Top of EXTRACTED INFORMATION

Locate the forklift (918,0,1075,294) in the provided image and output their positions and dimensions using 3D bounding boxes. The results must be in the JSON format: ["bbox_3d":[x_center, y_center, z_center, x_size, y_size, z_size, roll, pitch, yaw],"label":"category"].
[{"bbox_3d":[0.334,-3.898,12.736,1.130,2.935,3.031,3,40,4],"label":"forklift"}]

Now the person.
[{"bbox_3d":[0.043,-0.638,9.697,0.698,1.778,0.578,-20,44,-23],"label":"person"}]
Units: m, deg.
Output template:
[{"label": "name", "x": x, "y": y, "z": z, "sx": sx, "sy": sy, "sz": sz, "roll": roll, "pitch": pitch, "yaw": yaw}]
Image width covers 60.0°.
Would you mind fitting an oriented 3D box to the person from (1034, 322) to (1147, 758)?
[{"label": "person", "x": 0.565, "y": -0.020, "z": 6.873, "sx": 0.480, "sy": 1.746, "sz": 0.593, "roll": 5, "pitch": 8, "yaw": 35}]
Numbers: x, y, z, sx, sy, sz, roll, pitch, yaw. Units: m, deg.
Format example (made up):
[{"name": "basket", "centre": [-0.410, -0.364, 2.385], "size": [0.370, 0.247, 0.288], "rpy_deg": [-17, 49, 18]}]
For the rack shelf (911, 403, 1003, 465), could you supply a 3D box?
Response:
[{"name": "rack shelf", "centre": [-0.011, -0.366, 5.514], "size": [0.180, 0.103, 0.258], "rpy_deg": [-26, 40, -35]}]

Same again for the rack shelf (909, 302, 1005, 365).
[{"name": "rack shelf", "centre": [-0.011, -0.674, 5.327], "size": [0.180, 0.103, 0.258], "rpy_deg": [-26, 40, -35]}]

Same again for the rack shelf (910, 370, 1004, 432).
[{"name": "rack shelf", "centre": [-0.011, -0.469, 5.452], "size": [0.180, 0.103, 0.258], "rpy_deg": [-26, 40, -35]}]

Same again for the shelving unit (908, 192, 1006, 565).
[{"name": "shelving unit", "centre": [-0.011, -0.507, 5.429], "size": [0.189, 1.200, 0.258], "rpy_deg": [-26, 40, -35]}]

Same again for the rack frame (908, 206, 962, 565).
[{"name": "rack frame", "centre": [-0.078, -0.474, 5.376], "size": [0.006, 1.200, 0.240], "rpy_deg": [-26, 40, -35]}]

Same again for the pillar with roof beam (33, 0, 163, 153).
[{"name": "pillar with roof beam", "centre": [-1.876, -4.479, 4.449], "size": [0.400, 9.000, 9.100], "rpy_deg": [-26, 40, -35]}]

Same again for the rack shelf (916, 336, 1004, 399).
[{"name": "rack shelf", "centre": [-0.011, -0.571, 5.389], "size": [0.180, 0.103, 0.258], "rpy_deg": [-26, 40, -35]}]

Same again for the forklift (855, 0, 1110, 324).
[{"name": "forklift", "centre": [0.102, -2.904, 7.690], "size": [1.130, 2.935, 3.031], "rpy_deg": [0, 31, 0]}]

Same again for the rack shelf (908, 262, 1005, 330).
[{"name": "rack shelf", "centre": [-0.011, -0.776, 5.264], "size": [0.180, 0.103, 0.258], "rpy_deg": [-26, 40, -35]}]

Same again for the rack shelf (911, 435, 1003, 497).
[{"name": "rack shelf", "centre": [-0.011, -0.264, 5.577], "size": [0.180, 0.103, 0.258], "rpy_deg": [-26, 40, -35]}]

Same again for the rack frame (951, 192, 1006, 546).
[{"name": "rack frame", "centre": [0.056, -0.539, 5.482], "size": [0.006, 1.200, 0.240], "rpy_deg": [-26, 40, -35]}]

Bottom of EXTRACTED INFORMATION

--- HOW TO COMPLETE THIS TASK ---
The material is to be given again in full and without variation.

--- WRITTEN RESPONSE ---
Locate the forklift (918,0,1075,294) in the provided image and output their positions and dimensions using 3D bounding boxes. The results must be in the JSON format: ["bbox_3d":[x_center, y_center, z_center, x_size, y_size, z_size, roll, pitch, yaw],"label":"category"].
[{"bbox_3d":[0.334,-3.898,12.736,1.130,2.935,3.031,3,40,4],"label":"forklift"}]

Now the person.
[{"bbox_3d":[0.043,-0.638,9.697,0.698,1.778,0.578,-20,44,-23],"label":"person"}]
Units: m, deg.
Output template:
[{"label": "name", "x": x, "y": y, "z": z, "sx": sx, "sy": sy, "sz": sz, "roll": roll, "pitch": pitch, "yaw": yaw}]
Image width covers 60.0°.
Would you mind fitting an oriented 3D box to the person from (1034, 322) to (1147, 758)?
[{"label": "person", "x": 0.565, "y": -0.020, "z": 6.873, "sx": 0.480, "sy": 1.746, "sz": 0.593, "roll": 5, "pitch": 8, "yaw": 35}]
Numbers: x, y, z, sx, sy, sz, roll, pitch, yaw. Units: m, deg.
Format example (made up):
[{"name": "basket", "centre": [-0.410, -0.364, 2.385], "size": [0.370, 0.247, 0.288], "rpy_deg": [-17, 49, 18]}]
For the rack shelf (911, 403, 1003, 465), could you supply a 3D box?
Response:
[{"name": "rack shelf", "centre": [-0.011, -0.366, 5.514], "size": [0.180, 0.103, 0.258], "rpy_deg": [-26, 40, -35]}]

Same again for the rack shelf (909, 302, 1005, 365).
[{"name": "rack shelf", "centre": [-0.011, -0.674, 5.327], "size": [0.180, 0.103, 0.258], "rpy_deg": [-26, 40, -35]}]

Same again for the rack shelf (910, 370, 1004, 432).
[{"name": "rack shelf", "centre": [-0.011, -0.469, 5.452], "size": [0.180, 0.103, 0.258], "rpy_deg": [-26, 40, -35]}]

Same again for the shelving unit (908, 192, 1006, 565).
[{"name": "shelving unit", "centre": [-0.011, -0.507, 5.429], "size": [0.189, 1.200, 0.258], "rpy_deg": [-26, 40, -35]}]

Same again for the rack frame (908, 206, 962, 565).
[{"name": "rack frame", "centre": [-0.078, -0.474, 5.376], "size": [0.006, 1.200, 0.240], "rpy_deg": [-26, 40, -35]}]

Same again for the pillar with roof beam (33, 0, 163, 153).
[{"name": "pillar with roof beam", "centre": [-1.876, -4.479, 4.449], "size": [0.400, 9.000, 9.100], "rpy_deg": [-26, 40, -35]}]

Same again for the rack shelf (916, 336, 1004, 399).
[{"name": "rack shelf", "centre": [-0.011, -0.571, 5.389], "size": [0.180, 0.103, 0.258], "rpy_deg": [-26, 40, -35]}]

Same again for the forklift (855, 0, 1110, 324).
[{"name": "forklift", "centre": [0.102, -2.904, 7.690], "size": [1.130, 2.935, 3.031], "rpy_deg": [0, 31, 0]}]

Same again for the rack shelf (908, 262, 1005, 330).
[{"name": "rack shelf", "centre": [-0.011, -0.776, 5.264], "size": [0.180, 0.103, 0.258], "rpy_deg": [-26, 40, -35]}]

Same again for the rack shelf (911, 435, 1003, 497).
[{"name": "rack shelf", "centre": [-0.011, -0.264, 5.577], "size": [0.180, 0.103, 0.258], "rpy_deg": [-26, 40, -35]}]

Same again for the rack frame (951, 192, 1006, 546).
[{"name": "rack frame", "centre": [0.056, -0.539, 5.482], "size": [0.006, 1.200, 0.240], "rpy_deg": [-26, 40, -35]}]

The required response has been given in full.